Flexible Carbon‐Based 3D Conductive Network Structure Blade‐Coated on Poly(ethylene terephthalate) Substrate for Light‐Emitting Electronic Devices

Herein, the blade‐coated conductive ink on poly(ethylene terephthalate) substrate with unique features is demonstrated, aiming at the fabrication of flexible light‐emitting electronic devices. The inks are prepared by combining carbon‐based fillers and epoxy resin to achieve a high‐performance 3D conductive channel network with low resistance.
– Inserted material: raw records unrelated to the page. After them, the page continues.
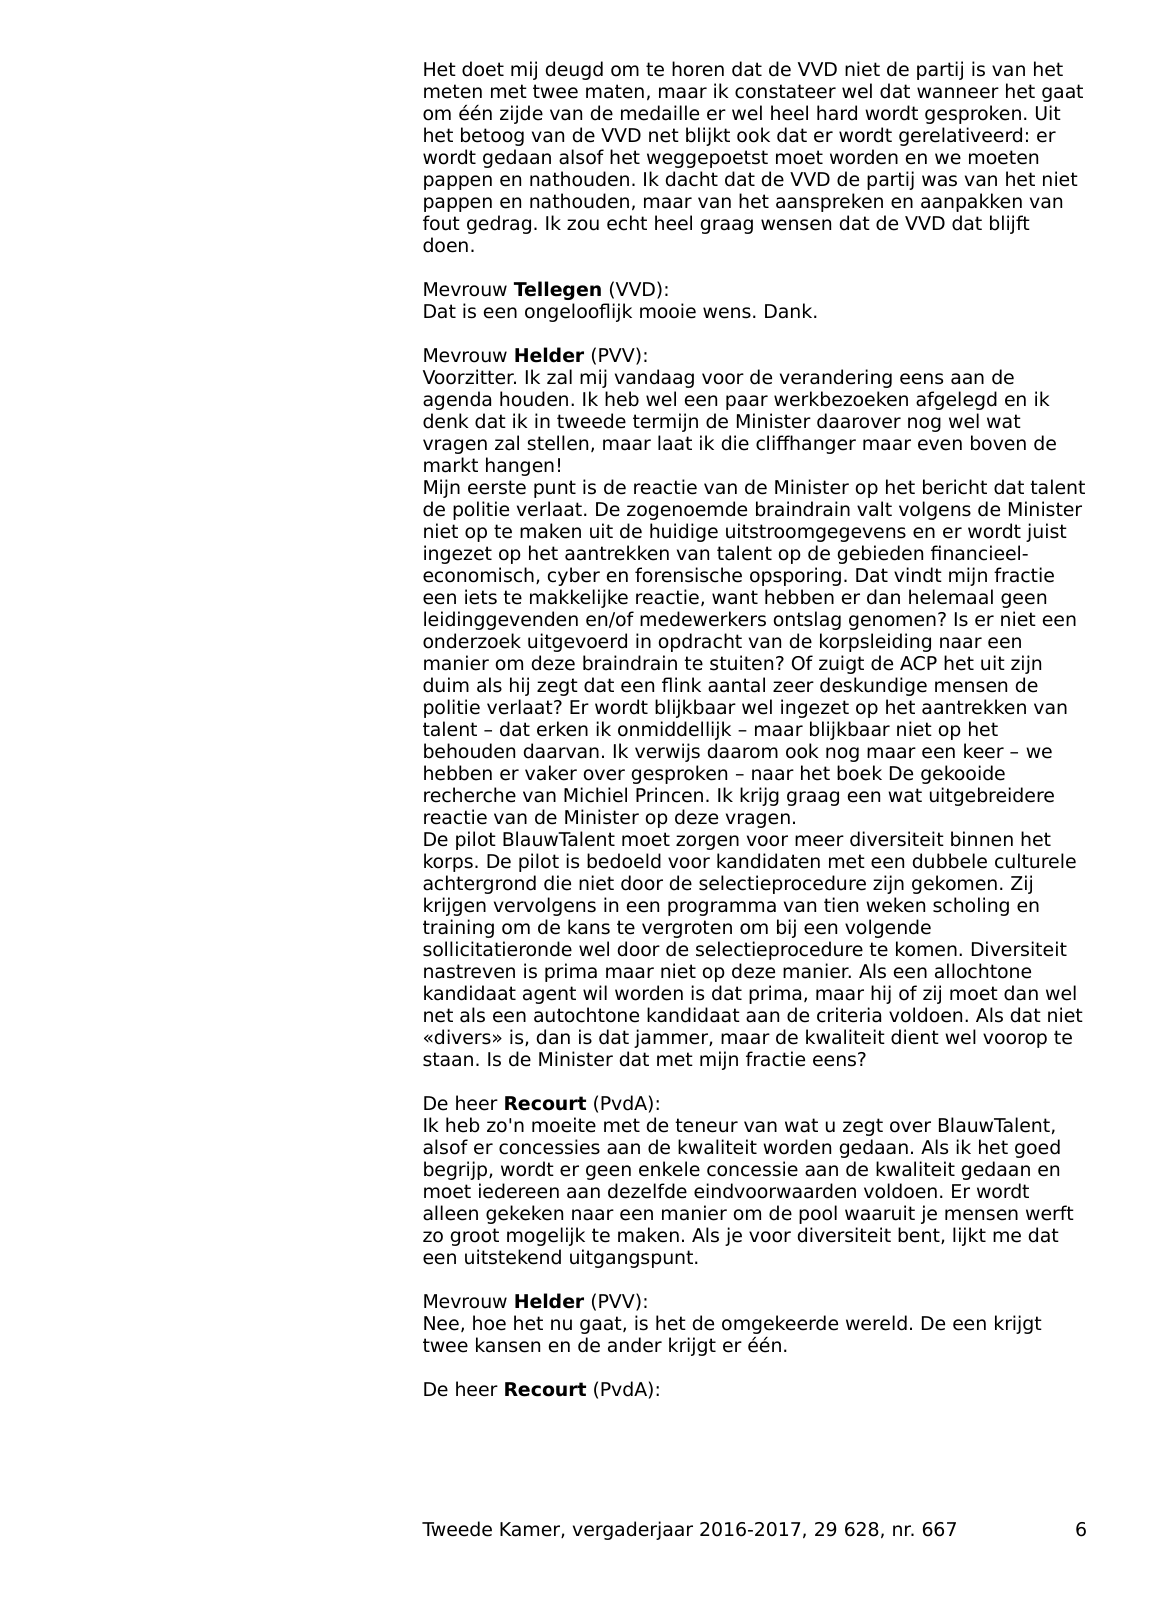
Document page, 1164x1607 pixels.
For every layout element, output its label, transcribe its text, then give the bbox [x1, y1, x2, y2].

text De heer Recourt (PvdA): [422, 1379, 1087, 1401]
text Ik heb zo'n moeite met de teneur van wat u zegt over BlauwTalent, alsof er concessies aan de kwaliteit worden gedaan. Als ik het goed begrijp, wordt er geen enkele concessie aan de kwaliteit gedaan en moet iedereen aan dezelfde eindvoorwaarden voldoen. Er wordt alleen gekeken naar een manier om de pool waaruit je mensen werft zo groot mogelijk te maken. Als je voor diversiteit bent, lijkt me dat een uitstekend uitgangspunt. [422, 1115, 1087, 1268]
text Nee, hoe het nu gaat, is het de omgekeerde wereld. De een krijgt twee kansen en de ander krijgt er één. [422, 1313, 1087, 1357]
text Mevrouw Helder (PVV): [422, 345, 1087, 367]
text Mevrouw Helder (PVV): [422, 1291, 1087, 1313]
text Dat is een ongelooflijk mooie wens. Dank. [422, 301, 1087, 323]
text Voorzitter. Ik zal mij vandaag voor de verandering eens aan de agenda houden. Ik heb wel een paar werkbezoeken afgelegd en ik denk dat ik in tweede termijn de Minister daarover nog wel wat vragen zal stellen, maar laat ik die cliffhanger maar even boven de markt hangen! [422, 367, 1087, 477]
text De pilot BlauwTalent moet zorgen voor meer diversiteit binnen het korps. De pilot is bedoeld voor kandidaten met een dubbele culturele achtergrond die niet door de selectieprocedure zijn gekomen. Zij krijgen vervolgens in een programma van tien weken scholing en training om de kans te vergroten om bij een volgende sollicitatieronde wel door de selectieprocedure te komen. Diversiteit nastreven is prima maar niet op deze manier. Als een allochtone kandidaat agent wil worden is dat prima, maar hij of zij moet dan wel net als een autochtone kandidaat aan de criteria voldoen. Als dat niet «divers» is, dan is dat jammer, maar de kwaliteit dient wel voorop te staan. Is de Minister dat met mijn fractie eens? [422, 829, 1087, 1071]
text Het doet mij deugd om te horen dat de VVD niet de partij is van het meten met twee maten, maar ik constateer wel dat wanneer het gaat om één zijde van de medaille er wel heel hard wordt gesproken. Uit het betoog van de VVD net blijkt ook dat er wordt gerelativeerd: er wordt gedaan alsof het weggepoetst moet worden en we moeten pappen en nathouden. Ik dacht dat de VVD de partij was van het niet pappen en nathouden, maar van het aanspreken en aanpakken van fout gedrag. Ik zou echt heel graag wensen dat de VVD dat blijft doen. [422, 59, 1087, 257]
text Mijn eerste punt is de reactie van de Minister op het bericht dat talent de politie verlaat. De zogenoemde braindrain valt volgens de Minister niet op te maken uit de huidige uitstroomgegevens en er wordt juist ingezet op het aantrekken van talent op de gebieden financieel-economisch, cyber en forensische opsporing. Dat vindt mijn fractie een iets te makkelijke reactie, want hebben er dan helemaal geen leidinggevenden en/of medewerkers ontslag genomen? Is er niet een onderzoek uitgevoerd in opdracht van de korpsleiding naar een manier om deze braindrain te stuiten? Of zuigt de ACP het uit zijn duim als hij zegt dat een flink aantal zeer deskundige mensen de politie verlaat? Er wordt blijkbaar wel ingezet op het aantrekken van talent – dat erken ik onmiddellijk – maar blijkbaar niet op het behouden daarvan. Ik verwijs daarom ook nog maar een keer – we hebben er vaker over gesproken – naar het boek De gekooide recherche van Michiel Princen. Ik krijg graag een wat uitgebreidere reactie van de Minister op deze vragen. [422, 477, 1087, 829]
text De heer Recourt (PvdA): [422, 1093, 1087, 1115]
text Mevrouw Tellegen (VVD): [422, 279, 1087, 301]

The carbon‐based channels in the conductive composites withstand 2000 bending‐releasing cycles (bending radius of 10 mm); excellent resistance reliability with the value of R/R 0 is 1.059. Moreover, carbon‐based epoxy composites also possess a mechanical fastness under ultrasonic treatment and chemical durability to various organic solvents and have an excellent performance in the application of light‐emitting electronic devices. Here, this work provides a new solution for the development of high‐efficiency, low‐cost, large‐scale production of flexible electronics. Herein, the blade‐coated conductive ink on poly(ethylene terephthalate) (PET) substrate with unique features is demonstrated, aiming at the fabrication of flexible light‐emitting electronic devices. The inks are prepared by combining carbon‐based fillers and epoxy resin to achieve a high‐performance 3D conductive channel network with low resistance. The composites prepared have mechanical fastness, solvent resistance, and excellent flexibility.